In the Gallup survey of 1,209 Democratic and Democratic-leaning voters taken before Obama gave his speech Tuesday, 49 percent favored Clinton while 42 percent favored Obama. The poll, taken from March 14-18, has a sampling error of 3 percentage points.
Obama's campaign has been tracking reaction to the Philadelphia speech to help determine whether he can move to other issues, such as the economic costs of the war in Iraq.
"When you're spending over $50 to fill up your car," Obama said at a rally in Charleston, W.Va., "you're paying a price for this war. When Iraq is costing each household about $100 a month, you're paying a price for this war."
U.N. requests additional $1.1 billion
WASHINGTON, March 21 (UPI) -- The United Nations has requested almost $1.1 billion in extra financing for the upcoming two years, a 25 percent increase in U.N. spending.
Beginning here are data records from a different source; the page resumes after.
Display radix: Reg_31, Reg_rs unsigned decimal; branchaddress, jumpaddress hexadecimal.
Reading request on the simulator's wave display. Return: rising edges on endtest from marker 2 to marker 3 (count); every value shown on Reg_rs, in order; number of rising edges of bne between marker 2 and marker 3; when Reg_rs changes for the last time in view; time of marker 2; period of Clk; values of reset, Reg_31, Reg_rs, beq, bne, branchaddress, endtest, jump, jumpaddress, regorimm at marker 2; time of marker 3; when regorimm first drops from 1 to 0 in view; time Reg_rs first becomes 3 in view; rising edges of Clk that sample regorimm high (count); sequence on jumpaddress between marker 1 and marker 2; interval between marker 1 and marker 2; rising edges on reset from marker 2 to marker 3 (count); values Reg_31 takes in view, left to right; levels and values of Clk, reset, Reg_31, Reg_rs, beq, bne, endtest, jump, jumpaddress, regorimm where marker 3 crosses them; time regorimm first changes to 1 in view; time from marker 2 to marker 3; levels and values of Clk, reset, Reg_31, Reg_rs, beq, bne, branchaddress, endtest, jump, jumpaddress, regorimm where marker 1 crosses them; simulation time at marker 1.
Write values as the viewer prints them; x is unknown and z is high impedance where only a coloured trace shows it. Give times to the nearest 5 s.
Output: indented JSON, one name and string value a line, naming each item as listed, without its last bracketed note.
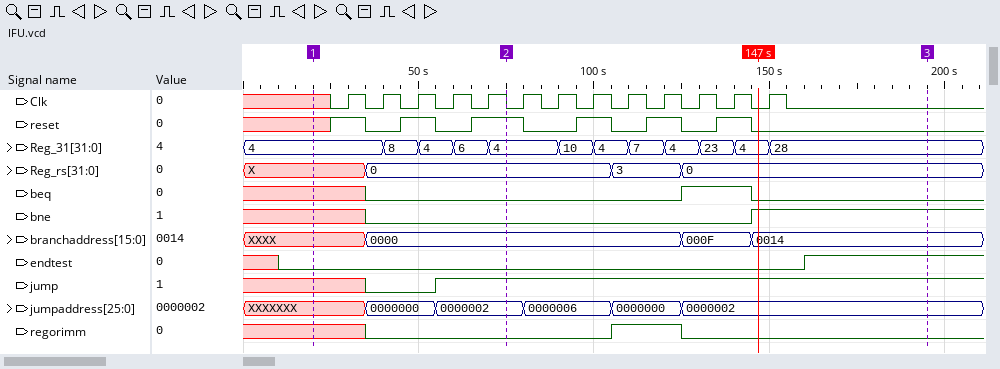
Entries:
{
  "rising edges on endtest from marker 2 to marker 3": "1",
  "every value shown on Reg_rs, in order": "X, 0, 3, 0",
  "number of rising edges of bne between marker 2 and marker 3": "1",
  "when Reg_rs changes for the last time in view": "125 s",
  "time of marker 2": "75 s",
  "period of Clk": "10 s",
  "values of reset, Reg_31, Reg_rs, beq, bne, branchaddress, endtest, jump, jumpaddress, regorimm at marker 2": "reset=1, Reg_31=4, Reg_rs=0, beq=0, bne=0, branchaddress=0000, endtest=0, jump=1, jumpaddress=0000002, regorimm=0",
  "time of marker 3": "195 s",
  "when regorimm first drops from 1 to 0 in view": "125 s",
  "time Reg_rs first becomes 3 in view": "105 s",
  "rising edges of Clk that sample regorimm high": "2",
  "sequence on jumpaddress between marker 1 and marker 2": "XXXXXXX, 0000000, 0000002",
  "interval between marker 1 and marker 2": "55 s",
  "rising edges on reset from marker 2 to marker 3": "3",
  "values Reg_31 takes in view, left to right": "4, 8, 4, 6, 4, 10, 4, 7, 4, 23, 4, 28",
  "levels and values of Clk, reset, Reg_31, Reg_rs, beq, bne, endtest, jump, jumpaddress, regorimm where marker 3 crosses them": "Clk=0, reset=0, Reg_31=28, Reg_rs=0, beq=0, bne=1, endtest=1, jump=1, jumpaddress=0000002, regorimm=0",
  "time regorimm first changes to 1 in view": "105 s",
  "time from marker 2 to marker 3": "120 s",
  "levels and values of Clk, reset, Reg_31, Reg_rs, beq, bne, branchaddress, endtest, jump, jumpaddress, regorimm where marker 1 crosses them": "Clk=x, reset=x, Reg_31=4, Reg_rs=X, beq=x, bne=x, branchaddress=XXXX, endtest=0, jump=x, jumpaddress=XXXXXXX, regorimm=x",
  "simulation time at marker 1": "20 s"
}

Private U.N. documents reveal that the request marks the United Nation's most expensive budget in history, The Washington Post reported Friday.
A large amount of the inflated spending reportedly is rooted in U.S. President George Bush's calls for the United Nations to be more globally active. Peacekeeping operations in Sudan and other places, along with U.N. contributions in Iraq and Afghanistan have cost billions, the report said.
During Bush's time in office the United Nation's yearly spending has increased more than 50 percent, to about $2.5 billion, the Post reported. Peacekeeping spending reportedly is three times what was before Bush came into office, with almost 110,000 diplomats in 20 operations overseas, a cost this year of some $7 billion.
The U.S. share is 22 percent of the U.N. administrative budget and 27 percent of funds needed for peacekeeping, the Post said.
Greece passes contentious pension reform
ATHENS, Greece, March 21 (UPI) -- The Greek Parliament passed a conservative pension reform bill after weeks of strikes that crippled the country, national media reported.
The 300-seat body voted 151 in favor, with 136 abstentions and 13 opposed Thursday as some 100,000 protesters clashed with police in Athens, the Kathimerini news agency reported.
The bill shepherded by Prime Minister Costas Karamanlis merges more than 150 pension investment funds into about 13. Opposition members won a concession amendment that allows anyone completing 37 years of work to retire on a full pension, the report said.
For several weeks, rotating strikes by various unions threw living and commerce into turmoil, from a stock exchange shutdown to port and rail closures and no garbage collection.
The news agency said garbage workers were to resume collections after a 16-day strike, although it was expected to take a week to catch up.